• [TASK BRIEF] The pictures are to be left out, and all remaining data is to be transcribed exactly as it appears.

• [SOURCE MATERIAL]

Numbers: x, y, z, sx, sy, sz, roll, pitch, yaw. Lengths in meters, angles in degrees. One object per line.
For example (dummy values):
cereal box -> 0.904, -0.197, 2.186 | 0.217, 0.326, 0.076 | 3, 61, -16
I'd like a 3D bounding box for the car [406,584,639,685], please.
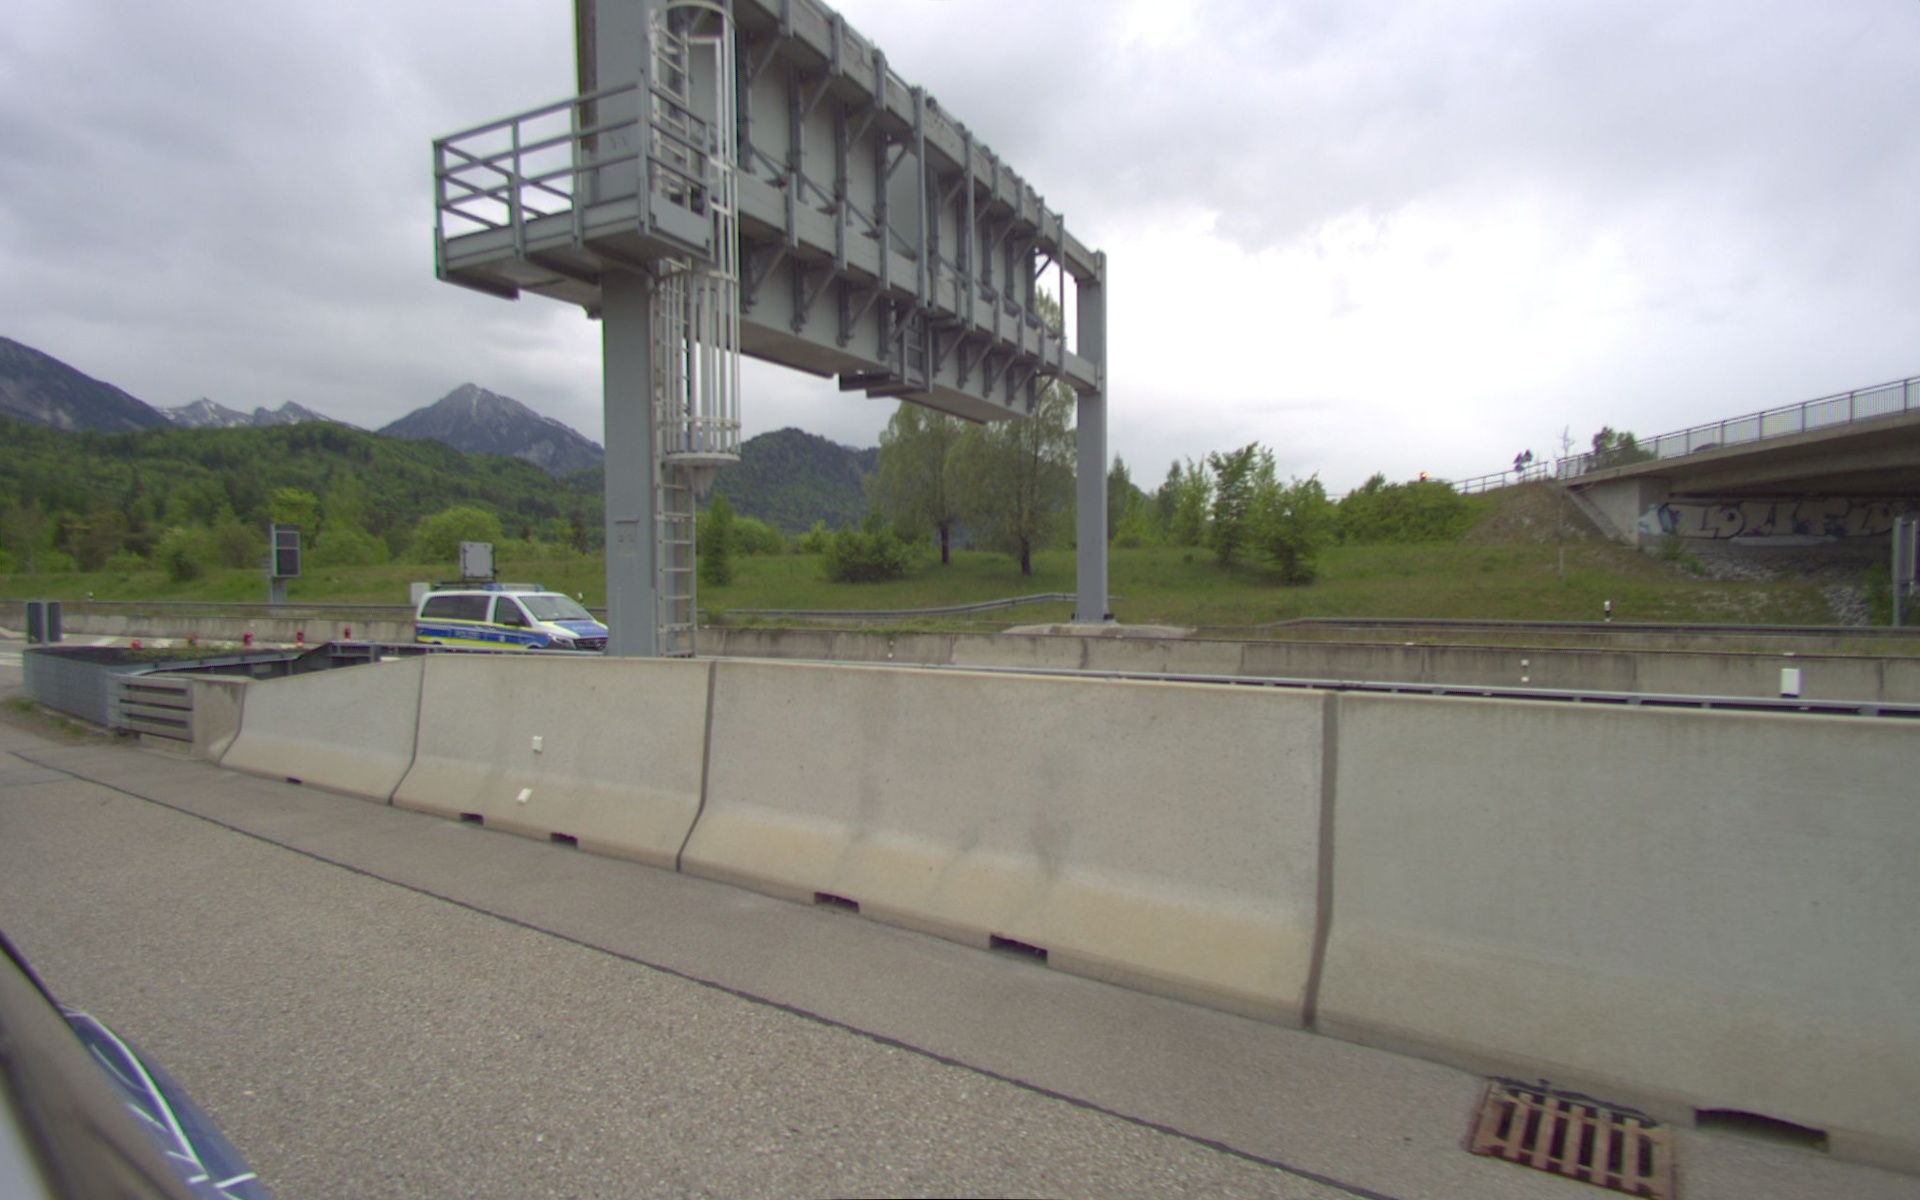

• [RESULT OF THIS TASK]
Numbers: x, y, z, sx, sy, sz, roll, pitch, yaw. Lengths in meters, angles in degrees. One object per line.
For example (dummy values):
cereal box -> 0.904, -0.197, 2.186 | 0.217, 0.326, 0.076 | 3, 61, -16
I'd like a 3D bounding box for the car [406,584,639,685], please.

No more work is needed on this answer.